However, comparative studies show that knowledge is shared less in the public than in
the private sector (Kim & Lee, 2006, p. 377). It is presumed that this might, among other
factors, be due to a lack of rewards systems acknowledging knowledge sharing (Vong,
Zo, & Ciganek, 2016, p. 420). Therefore, knowledge silos and incompatible channels of
communication arise. Additionally, staff turnover and growing retirement rates create
challenges for the preservation of individual knowledge in organizational memory. All in
all, knowledge sharing of employees is needed but takes place insufficiently in the public
sector. As Dawes, Cresswell, and Pardo (2009, p. 392) put it: "need to know" is the default
option in public organizations, but we need to move to "need to share" to successfully
cope with complex problems, which can only be tackled in networks.
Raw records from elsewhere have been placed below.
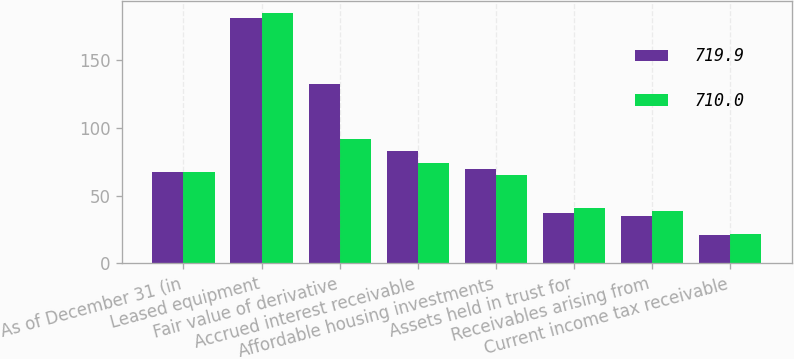Convert chart. <chart><loc_0><loc_0><loc_500><loc_500><stacked_bar_chart><ecel><fcel>As of December 31 (in<fcel>Leased equipment<fcel>Fair value of derivative<fcel>Accrued interest receivable<fcel>Affordable housing investments<fcel>Assets held in trust for<fcel>Receivables arising from<fcel>Current income tax receivable<nl><fcel>719.9<fcel>67.3<fcel>180.9<fcel>132.4<fcel>82.6<fcel>69.6<fcel>37.1<fcel>34.8<fcel>21.1<nl><fcel>710<fcel>67.3<fcel>184.3<fcel>91.9<fcel>74.3<fcel>65<fcel>40.7<fcel>38.4<fcel>21.6<nl></chart> 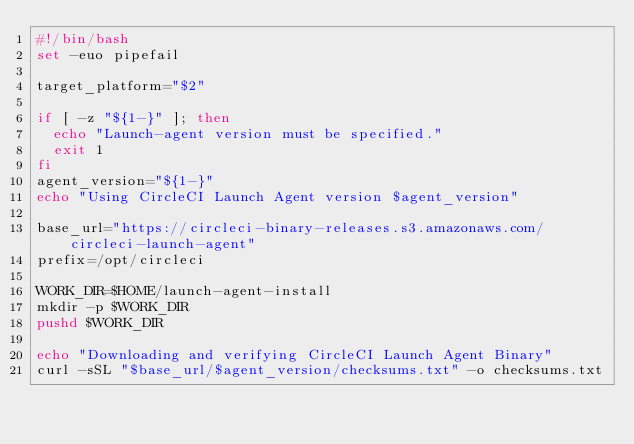<code> <loc_0><loc_0><loc_500><loc_500><_Bash_>#!/bin/bash
set -euo pipefail

target_platform="$2"

if [ -z "${1-}" ]; then
  echo "Launch-agent version must be specified."
  exit 1
fi
agent_version="${1-}"
echo "Using CircleCI Launch Agent version $agent_version"

base_url="https://circleci-binary-releases.s3.amazonaws.com/circleci-launch-agent"
prefix=/opt/circleci

WORK_DIR=$HOME/launch-agent-install
mkdir -p $WORK_DIR
pushd $WORK_DIR

echo "Downloading and verifying CircleCI Launch Agent Binary"
curl -sSL "$base_url/$agent_version/checksums.txt" -o checksums.txt</code>

Hence, we need to know how knowledge sharing can be fostered. There is
disagreement around the determinants of (public) employees' knowledge sharing. The
influence of tangible rewards on knowledge sharing is especially debated in the literature.
Some studies show that rewards increase the knowledge-sharing activity of employees in
an organization (Kim & Lee, 2006; Wang, Noe, & Wang, 2011; Witherspoon, Bergner,
Cockrell, & Stone, 2013); others point to the contrary and suggest that expected rewards
do not or even negatively affect knowledge sharing (Bock & Kim, 2001; Lin, 2007). This
study contributes to this debate by seeking to clarify these ambiguous results.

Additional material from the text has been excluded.